Th 84118

The Practical Investor

Feb. 1, 2002

Risk-free investing for the long term with inflation-indexed bonds — Part II

by Marvin Appel, PhD, and Brian Hufford, CPA, CFP

Last month, we discussed the dangers that inflation poses to any long-term investment goals. We introduced I-bonds, a U.S. government savings bond with interest rates that are guaranteed to keep pace with inflation. I-bonds also provide complete safety of principal as well as certain tax advantages.

This month, we will complete our discussion about inflation-protected investments offered by the federalgovernment by describing a second investment option-Treasury Inflation Protected Securities (TIPS). We will offer some guidelines that will allow readers to judge whether inflation-protected bonds are worth buying. Finally, we will review the pros and cons for I-bonds vs. TIPS, as well as for inflation-protected securities compared with other types of bonds.
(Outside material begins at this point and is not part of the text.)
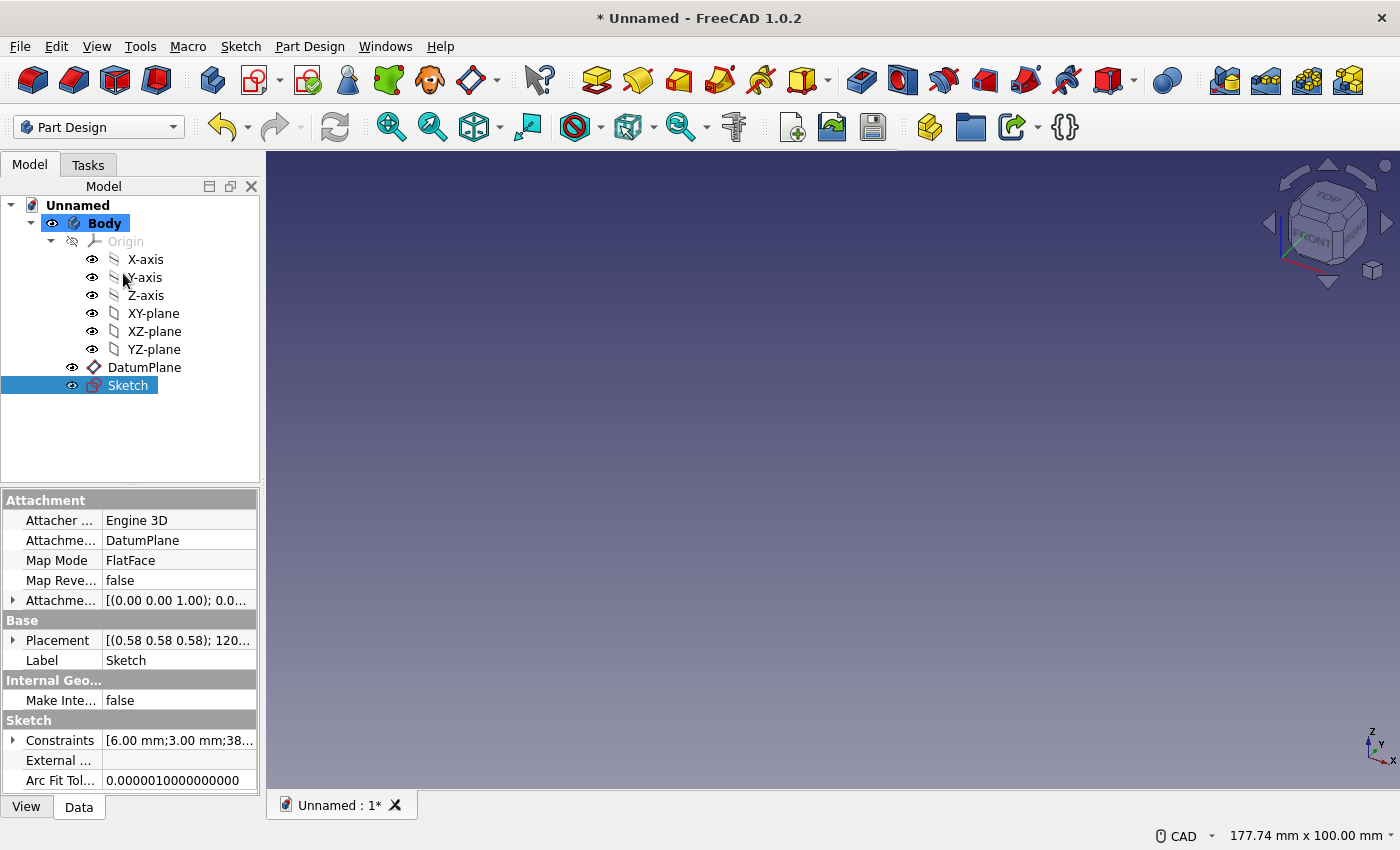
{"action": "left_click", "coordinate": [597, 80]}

Treasury Inflation-Protected Securities
Like I-series savings bonds, the return on TIPS arises from two components. First, there is a fixed, real rate of return determined at the time of purchase that will not change. Second, there is a variable return to balance out losses of purchasing power from inflation. (Inflation is measured by the Consumer Price Index for urban consumers, called CPI-U.) This inflation-adjustment is paid as a monthly increase in principal (or decrease, if the cost of living falls), but the real return is paid as interest once every six months. The total return is the sum of both yields. The yield quoted on TIPS is only the real part.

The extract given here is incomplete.